With DED set to have a big play in sectors like aerospace, defence, oil & gas, at AMUG Gradl also highlighted a consideration he is having to make around the printing of witness specimens and tensile bars when using DED: “Do I build specimens before and after [the build of the part]? Or do I build some excess stock on my part that I sample as well?”
Lang suggests that these are possible approaches, though Formalloy would also recommend DED users harness its DEDSmart software platform – which can collect parameter and sensor data from a build and correlate properties and quality – to ‘ascertain the quality of a part to complement, and in the future even replace, the need for witness samples.
Along the same lines, Dean says that the approach to controlling the output of the process is to control all inputs – calibrating things like powder flow and laser powder according to preset intervals. Otherwise, samples are to be printed on the same build plate; before or after if there are space constraints; and in the case of repairs, their preferred approach is to use non-destructive testing on a portion of the repairs and destructive testing on other portions.

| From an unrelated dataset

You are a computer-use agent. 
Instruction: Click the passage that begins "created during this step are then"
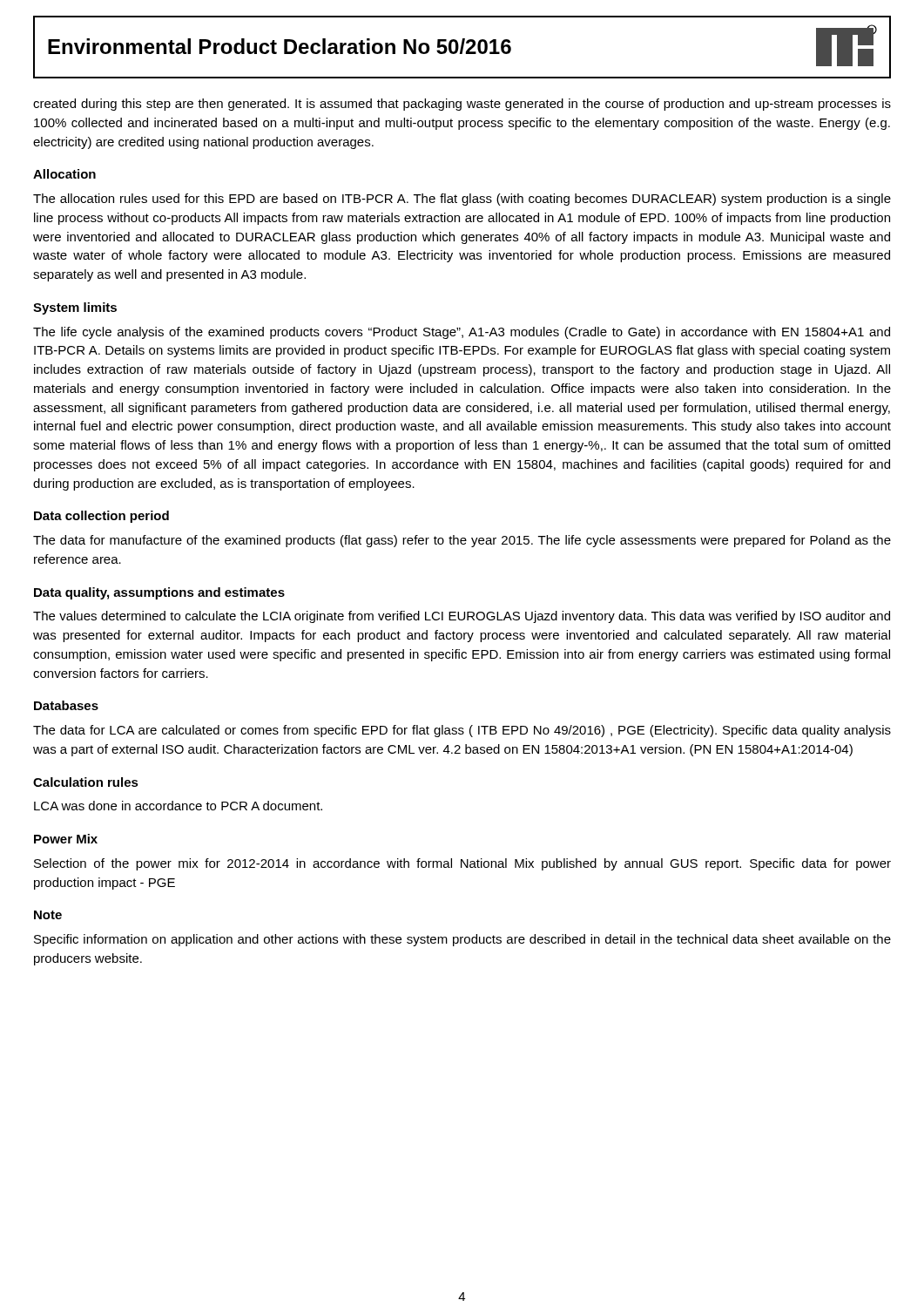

And with that guidance on offer to all those who adopt their technology, the vendors believe DED belongs in the hands of manufacturers, whether they be in aerospace and defence, or automotive and jewellery. There are large parts, complex parts and multi-material parts that need to be produced, and some which, in time, will need repairing. In many of those cases, Optomec, Formalloy, Meltio and others believe their technology to be capable.
“Getting the technology in the hands of the makers, that’s what we want to do,” Matthews finished. “And not to say that R&D and technology centres and what they do is not important, it’s incredibly important, but if that doesn’t filter down to all the industrial sectors, then that would be a tragedy, so we’re trying to accelerate that migration from the few to the many. Our goal is to sell thousands of machines – not because we have done a financial analysis, it’s because that would tell us that we’re making the kind of impact that we want to make.”